MARTHA MARCY MAY MARLENE (Sean Durkin). 103 minutes. Opens Friday (October 28). For venues and times, see Movies. Rating: NNNN
Sundance went wild for Sean Durkin’s intense, actorly study of a young woman named Martha (Elizabeth Olsen, better known as the younger sister of Mary-Kate and Ashley), who flees a cult and crashes with her sister (Sarah Paulson) and her new husband (Hugh Dancy), who haven’t the slightest idea how to help her through her decompression.
The narrative shifts fluidly between Martha’s shaky recovery and flashbacks to her time away, dominated by a pitch-perfect John Hawkes (Winter’s Bone), whose power is intriguingly at odds with his scraggly, skinny carriage. That’s part of the character’s appeal he doesn’t appear the least bit threatening, until he turns on you.
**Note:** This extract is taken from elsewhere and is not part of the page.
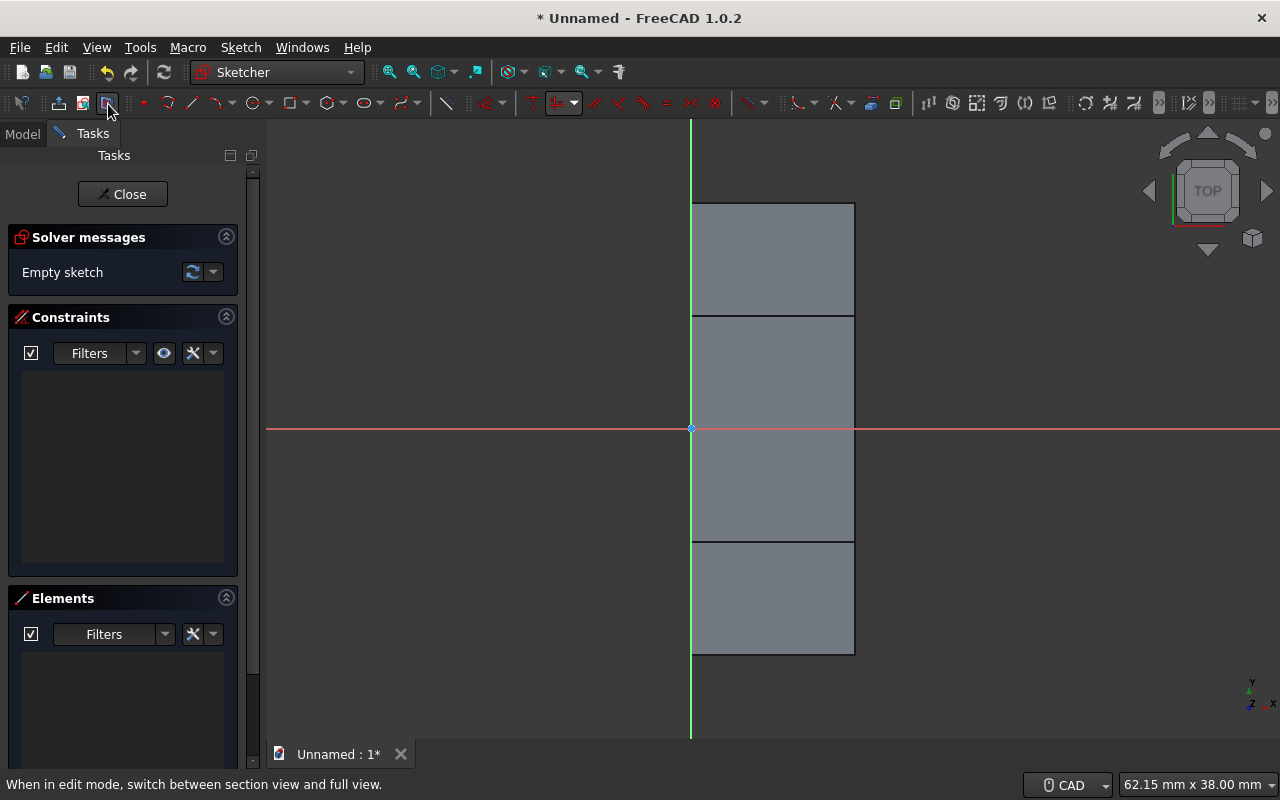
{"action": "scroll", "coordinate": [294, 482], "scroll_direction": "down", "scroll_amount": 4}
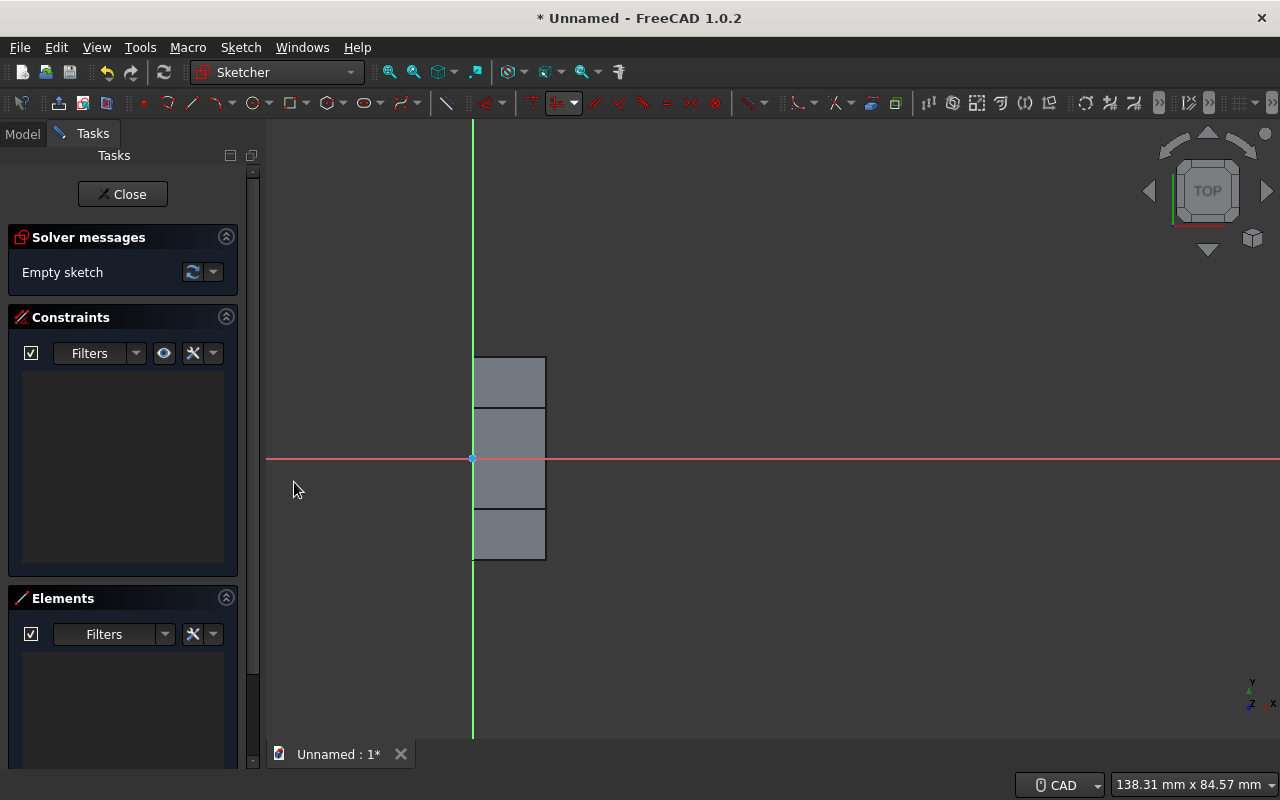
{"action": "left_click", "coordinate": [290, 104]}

Durkin confidently escalates the psychological tension, easing visual elements into the frame to trigger Martha’s tangled memories. The time-shifting reminds me of Atom Egoyan’s jumbled narratives, but Martha Marcy May Marlene has a cleaner, clearer and more chronologically ordered take on where it’s going, anchored by Olsen’s wide-open performance as a lost young woman trying to figure out who she’s supposed to be.
The ending will piss off a lot of people, but I think it’s perfect.